Dive Brief:
- Cisco's Networking Academy is celebrating its 20th anniversary this year, having partnered with K-12 schools and other learning institutions in 180 countries to equip millions of students with valuable IT job skills, according to EdTech: Focus on K-12.
- In Missouri alone, the networking hardware company has spent over $13 million working with at least 28,000 students in 44 programs, and the educators involved in these partnerships work with the company not just in teaching the material, but also developing it.
- The ongoing success of such programs comes as demand explodes for workers with those technological skills in fields like healthcare, finance and manufacturing.
Dive Insight:
The economy is in a state of transition, with many of the manufacturing, retail and other jobs that high school graduates in particular once vied for now being disrupted by automation and artificial intelligence. Those employers now need graduates who know how to maintain and operate that technology, and new fields are also growing to take the place of these jobs. Coding, for example, has been eyed as a new blue-collar frontier of sorts.
As such, the public education system is having to rethink its model, which has long been focused on producing high school graduates who were prepared for jobs on assembly lines or in cubicles if they weren't headed off to college. But along with an expanded set of technical skills, employers are also asking for more experience with soft skills like critical and creative thinking, communication and collaboration. This has bred a deeper focus on social-emotional learning, as well as on rethinking classroom design to accommodate those demands.

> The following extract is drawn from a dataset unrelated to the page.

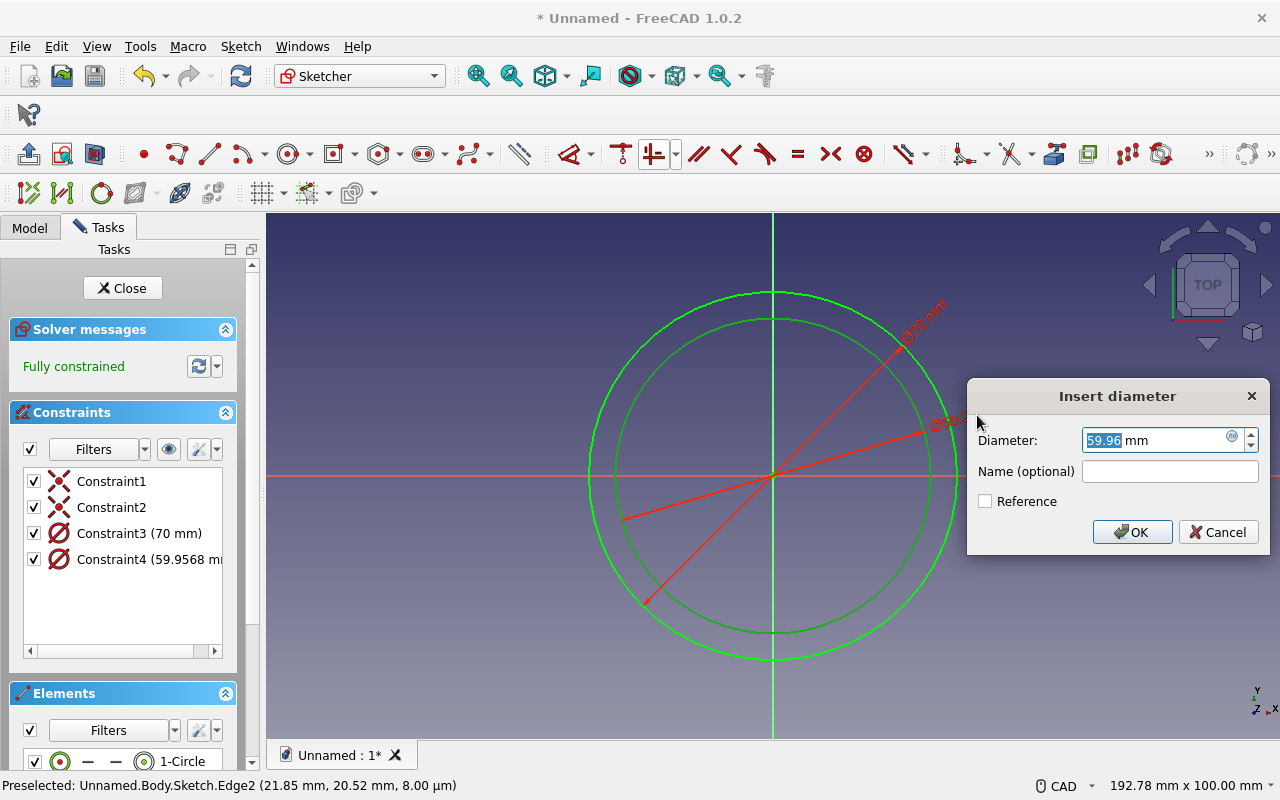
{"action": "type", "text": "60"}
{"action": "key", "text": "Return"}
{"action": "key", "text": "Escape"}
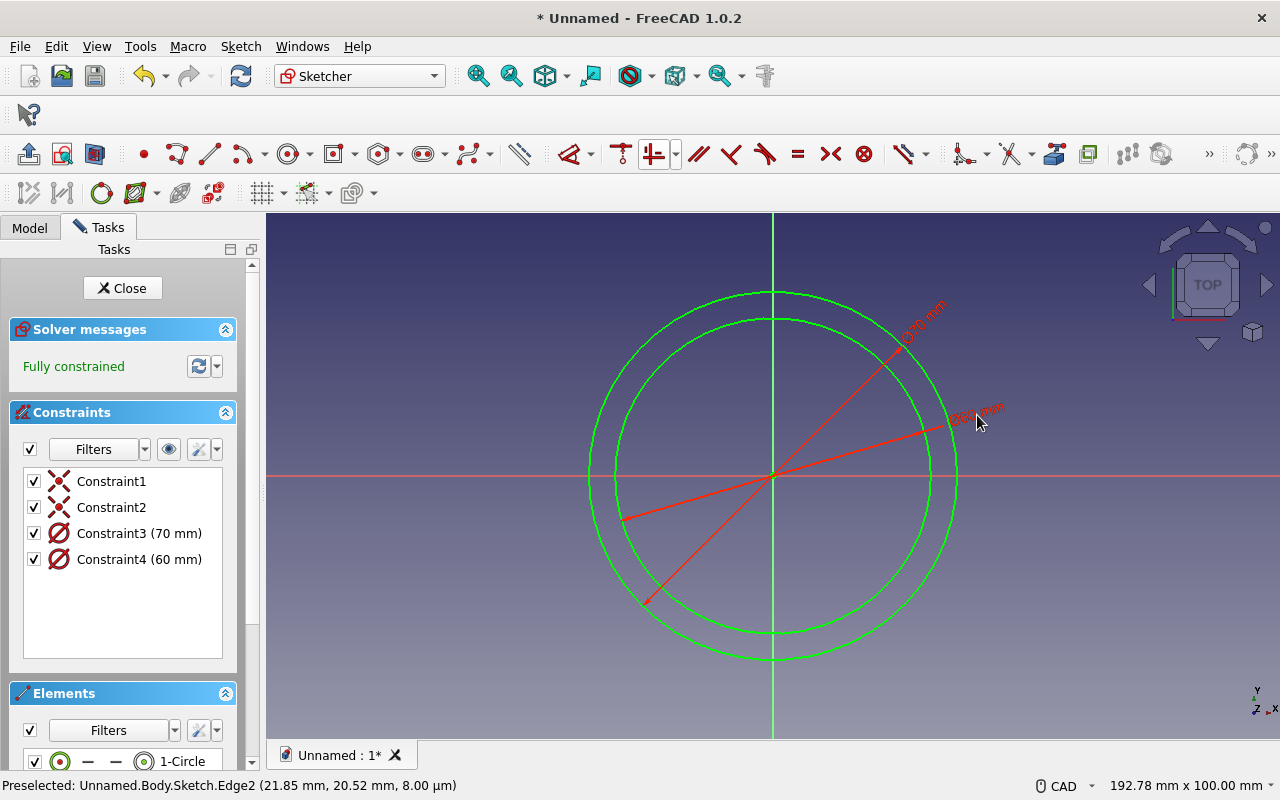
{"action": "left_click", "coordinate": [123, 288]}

Additionally, career and technical education (CTE) is now being viewed in a new light as an equitable alternative to the pursuit of a four-year degree if students aren't inclined to go to college. A push for free community college in several states over the past few years could boost those efforts, effectively creating what amounts to a K-14 system where students not going off to a traditional four-year institution have no reason not to stick around for a few more years for an associate-level education. Though that scenario would leave plenty of questions for higher education to grapple with.
In the meantime, K-12 has a number of technological CTE partnership options via for-profit and non-profit organizations, as illustrated by the Cisco Networking Academy.